Entries shown
== Segment start ==
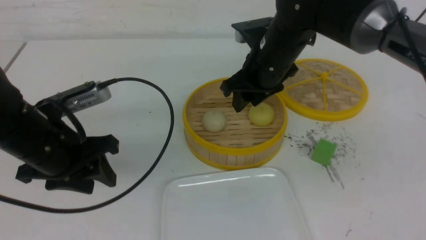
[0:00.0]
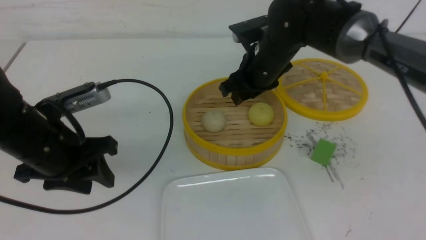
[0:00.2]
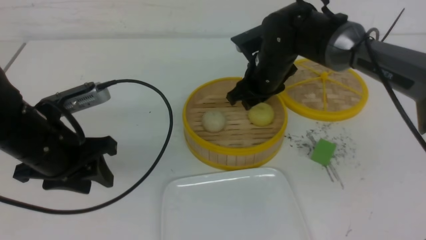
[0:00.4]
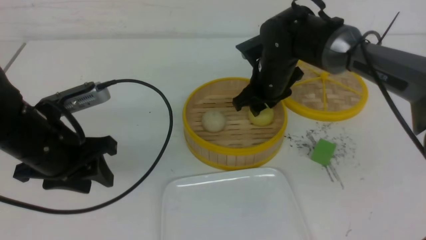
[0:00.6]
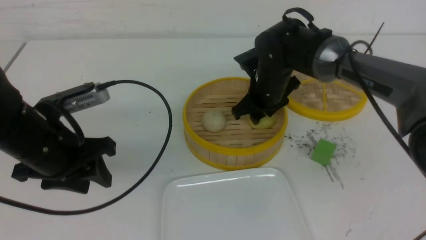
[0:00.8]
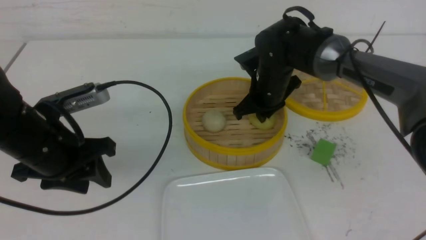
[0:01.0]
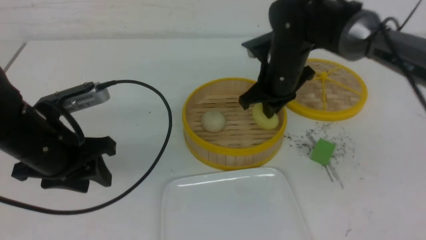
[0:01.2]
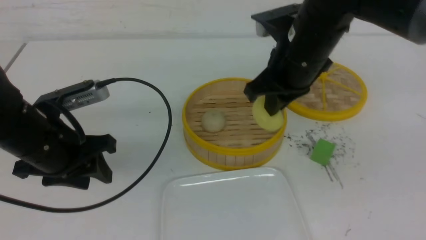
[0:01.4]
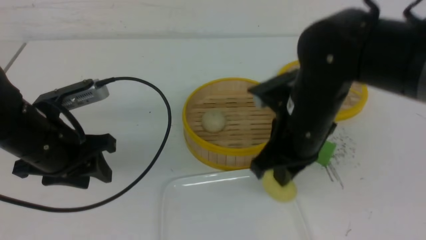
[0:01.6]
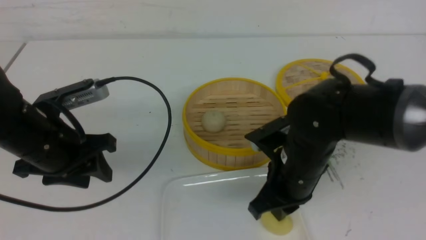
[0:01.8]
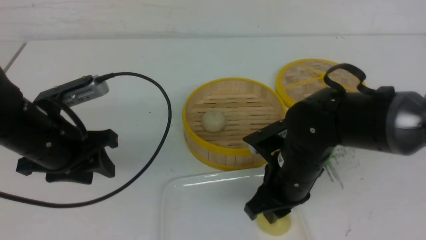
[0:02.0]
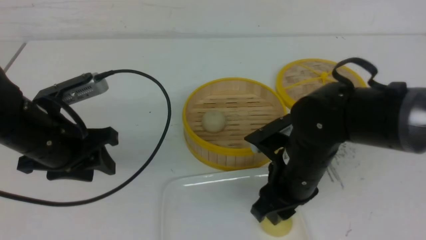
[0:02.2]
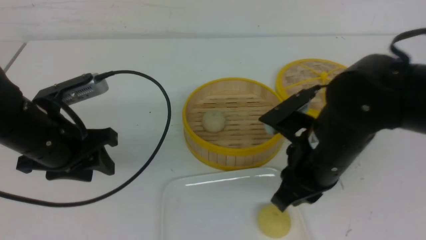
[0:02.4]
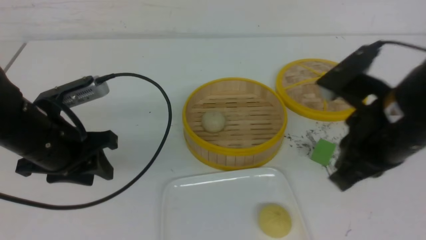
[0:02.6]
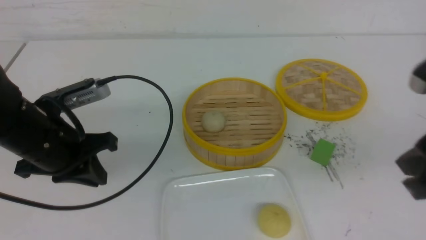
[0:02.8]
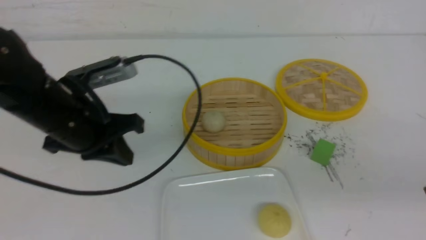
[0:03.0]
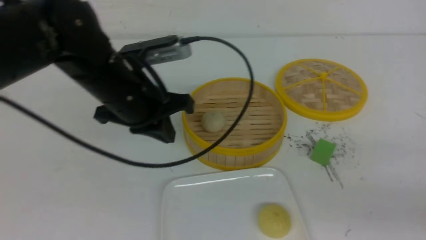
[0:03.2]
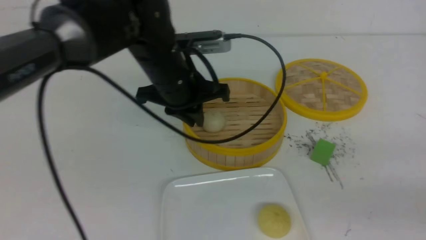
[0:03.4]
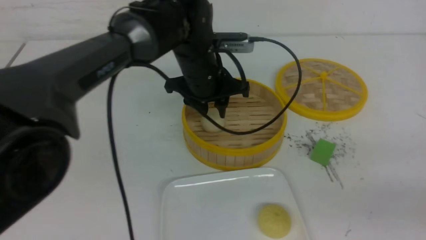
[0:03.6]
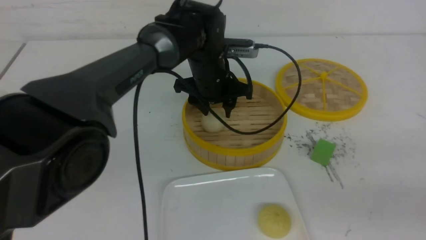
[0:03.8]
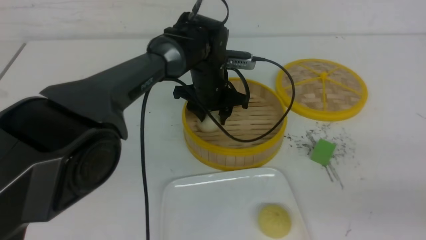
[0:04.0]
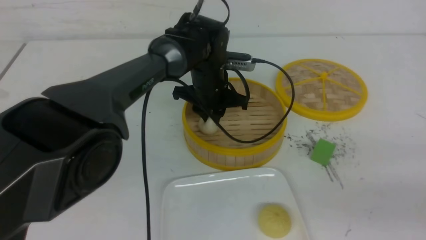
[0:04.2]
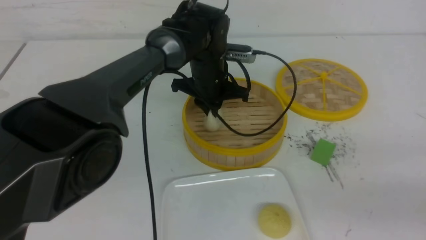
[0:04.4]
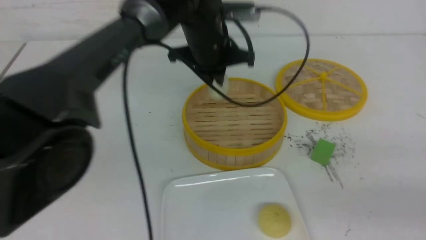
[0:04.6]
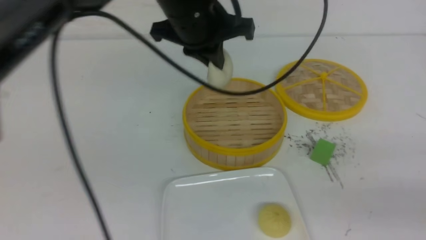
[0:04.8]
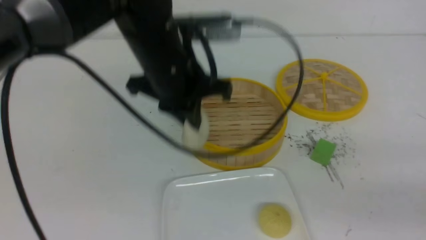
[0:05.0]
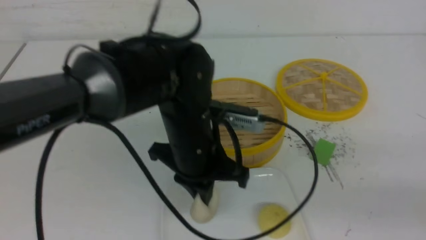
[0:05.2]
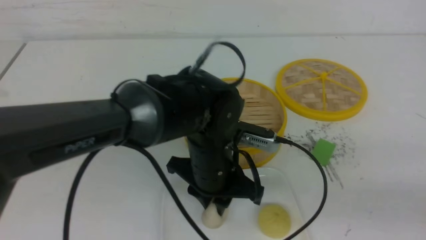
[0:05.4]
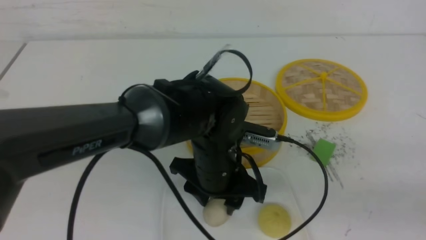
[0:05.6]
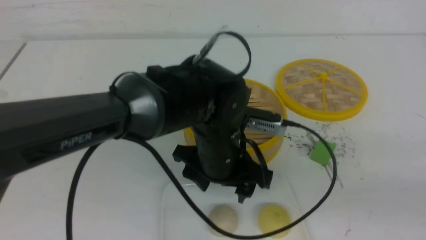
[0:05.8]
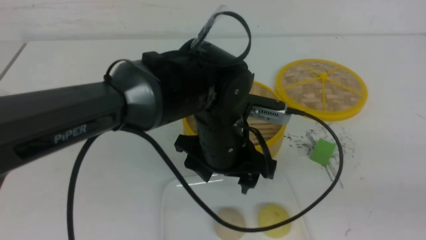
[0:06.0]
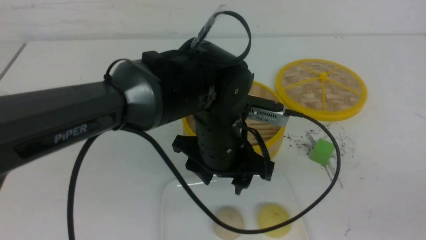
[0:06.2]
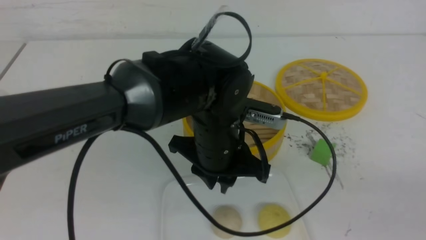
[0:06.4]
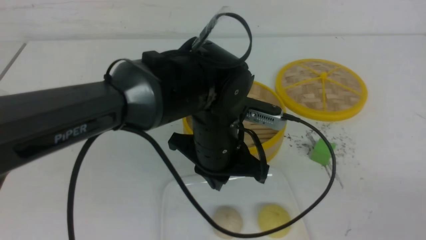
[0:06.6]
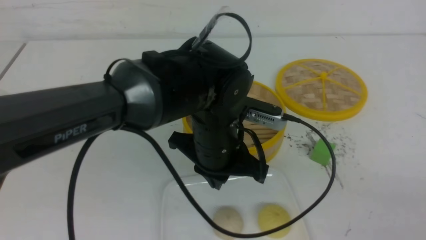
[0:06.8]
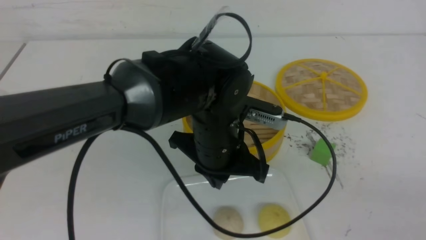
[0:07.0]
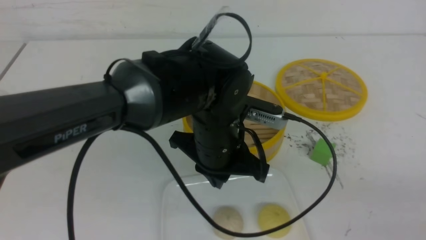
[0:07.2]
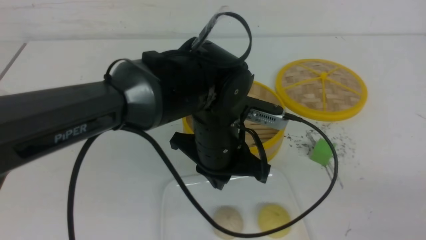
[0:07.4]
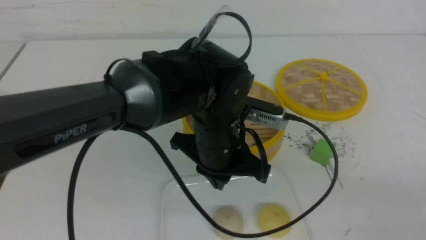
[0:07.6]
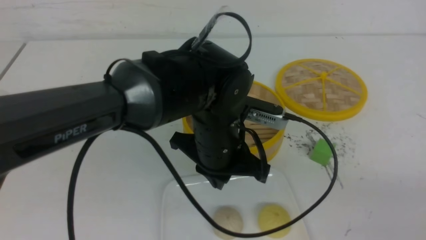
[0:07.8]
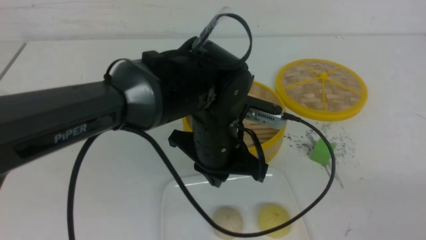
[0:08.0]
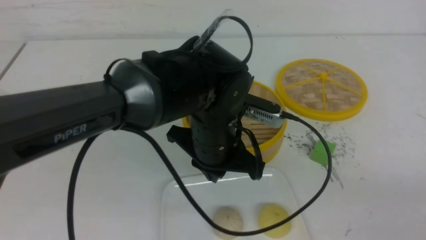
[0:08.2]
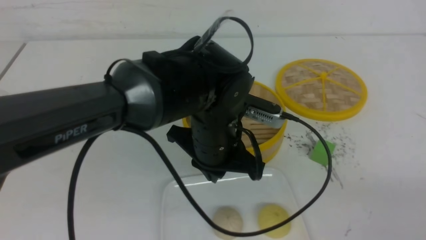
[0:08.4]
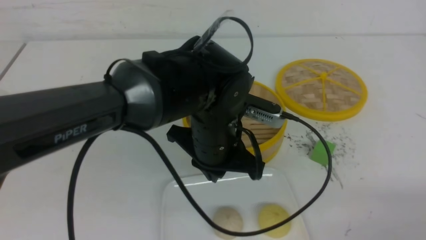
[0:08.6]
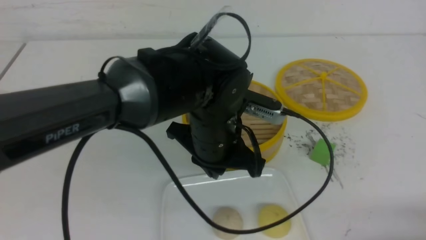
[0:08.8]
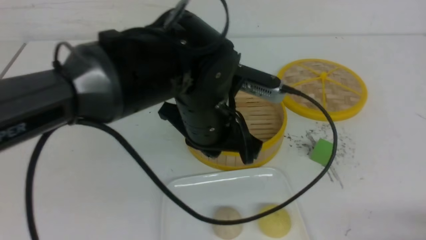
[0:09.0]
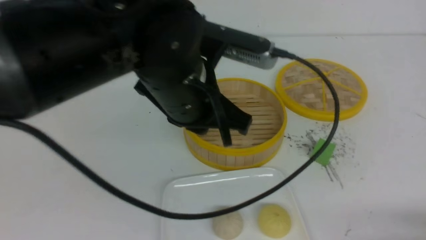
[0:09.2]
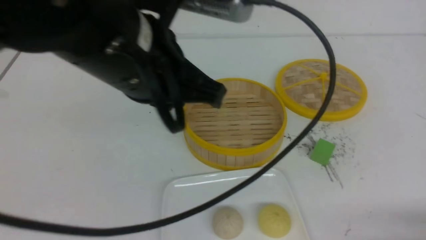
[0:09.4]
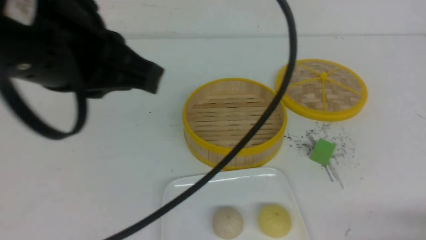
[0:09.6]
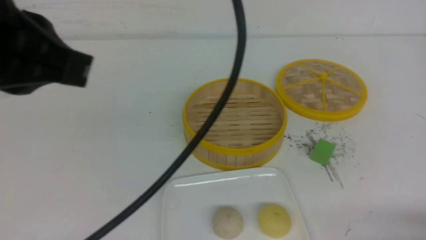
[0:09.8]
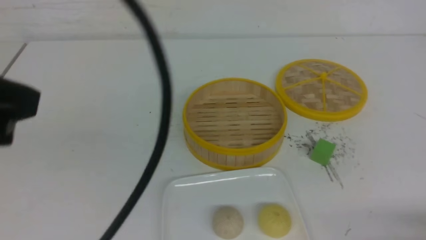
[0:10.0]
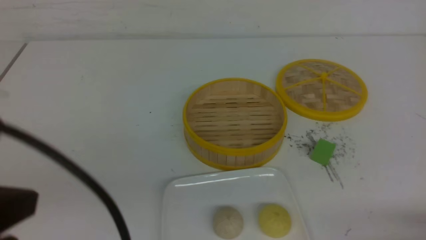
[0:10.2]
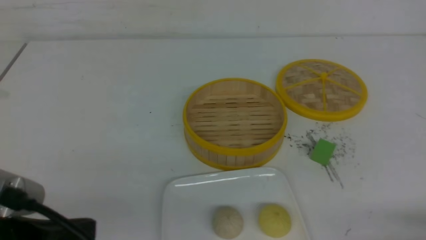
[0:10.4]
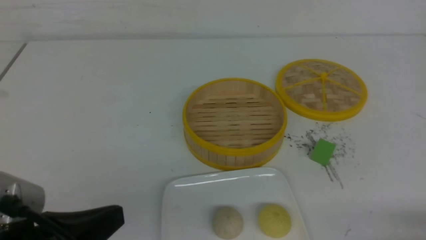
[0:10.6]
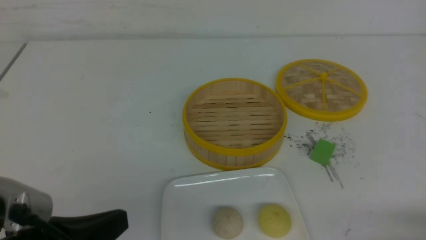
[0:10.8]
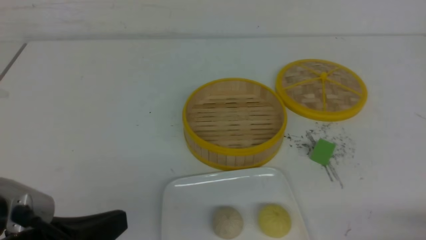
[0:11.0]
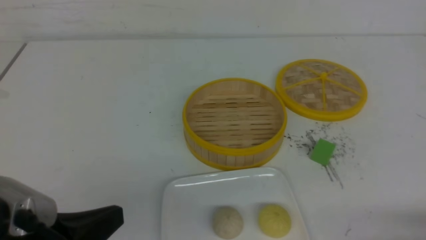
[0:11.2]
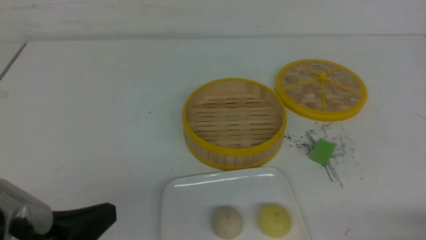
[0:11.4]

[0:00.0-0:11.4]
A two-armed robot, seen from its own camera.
Step, 0:01.2 to 0:02.2: use the right arm to put the steamed stuffed bun into the plate.
Step, 0:02.4 to 0:04.2: use the left arm to grab the steamed stuffed bun that is closest to it.
Step, 0:04.6 to 0:05.6: use the left arm to put the steamed stuffed bun into the plate.
0:00.0 to 0:01.4: The right gripper is displaced backward by about 5 cm, and closes up.
0:01.4 to 0:02.8: The left gripper closes up. The right gripper shifts roughly 20 cm backward and to the right, and opens, then closes again.
0:02.8 to 0:04.2: The right gripper moves backward and to the right, approximately 10 cm. The left gripper moves to the right and forward, some 25 cm, and opens, then closes once more.
0:04.2 to 0:05.6: The left gripper travels backward by about 15 cm, and opens.
0:05.6 to 0:07.2: The right gripper is displaced backward by roughly 5 cm, while the left gripper closes.
0:07.2 to 0:08.6: The right gripper travels downward by approximately 5 cm.
0:08.6 to 0:10.0: The left gripper is displaced to the left, upward and backward by about 30 cm.
0:10.0 to 0:11.4: The left gripper moves downward, roughly 15 cm.
== Segment end ==
Activity
What is needed is every line of the data above, set down exactly but with the images left out.

Reply to the task
[0:00.0]
[0:00.2]
[0:00.4]
[0:00.6]
[0:00.8]
[0:01.0]
[0:01.2]
[0:01.4]
[0:01.6]
[0:01.8]
[0:02.0]
[0:02.2]
[0:02.4]
[0:02.6]
[0:02.8]
[0:03.0]
[0:03.2]
[0:03.4]
[0:03.6]
[0:03.8]
[0:04.0]
[0:04.2]
[0:04.4]
[0:04.6]
[0:04.8]
[0:05.0]
[0:05.2]
[0:05.4]
[0:05.6]
[0:05.8]
[0:06.0]
[0:06.2]
[0:06.4]
[0:06.6]
[0:06.8]
[0:07.0]
[0:07.2]
[0:07.4]
[0:07.6]
[0:07.8]
[0:08.0]
[0:08.2]
[0:08.4]
[0:08.6]
[0:08.8]
[0:09.0]
[0:09.2]
[0:09.4]
[0:09.6]
[0:09.8]
[0:10.0]
[0:10.2]
[0:10.4]
[0:10.6]
[0:10.8]
[0:11.0]
[0:11.2]
[0:11.4]

[0:00.0-0:11.4]
A two-armed robot, seen from its own camera.
Step, 0:01.2 to 0:02.2: use the right arm to put the steamed stuffed bun into the plate.
Step, 0:02.4 to 0:04.2: use the left arm to grab the steamed stuffed bun that is closest to it.
Step, 0:04.6 to 0:05.6: use the left arm to put the steamed stuffed bun into the plate.
0:00.0 to 0:01.4: The right gripper is displaced backward by about 5 cm, and closes up.
0:01.4 to 0:02.8: The left gripper closes up. The right gripper shifts roughly 20 cm backward and to the right, and opens, then closes again.
0:02.8 to 0:04.2: The right gripper moves backward and to the right, approximately 10 cm. The left gripper moves to the right and forward, some 25 cm, and opens, then closes once more.
0:04.2 to 0:05.6: The left gripper travels backward by about 15 cm, and opens.
0:05.6 to 0:07.2: The right gripper is displaced backward by roughly 5 cm, while the left gripper closes.
0:07.2 to 0:08.6: The right gripper travels downward by approximately 5 cm.
0:08.6 to 0:10.0: The left gripper is displaced to the left, upward and backward by about 30 cm.
0:10.0 to 0:11.4: The left gripper moves downward, roughly 15 cm.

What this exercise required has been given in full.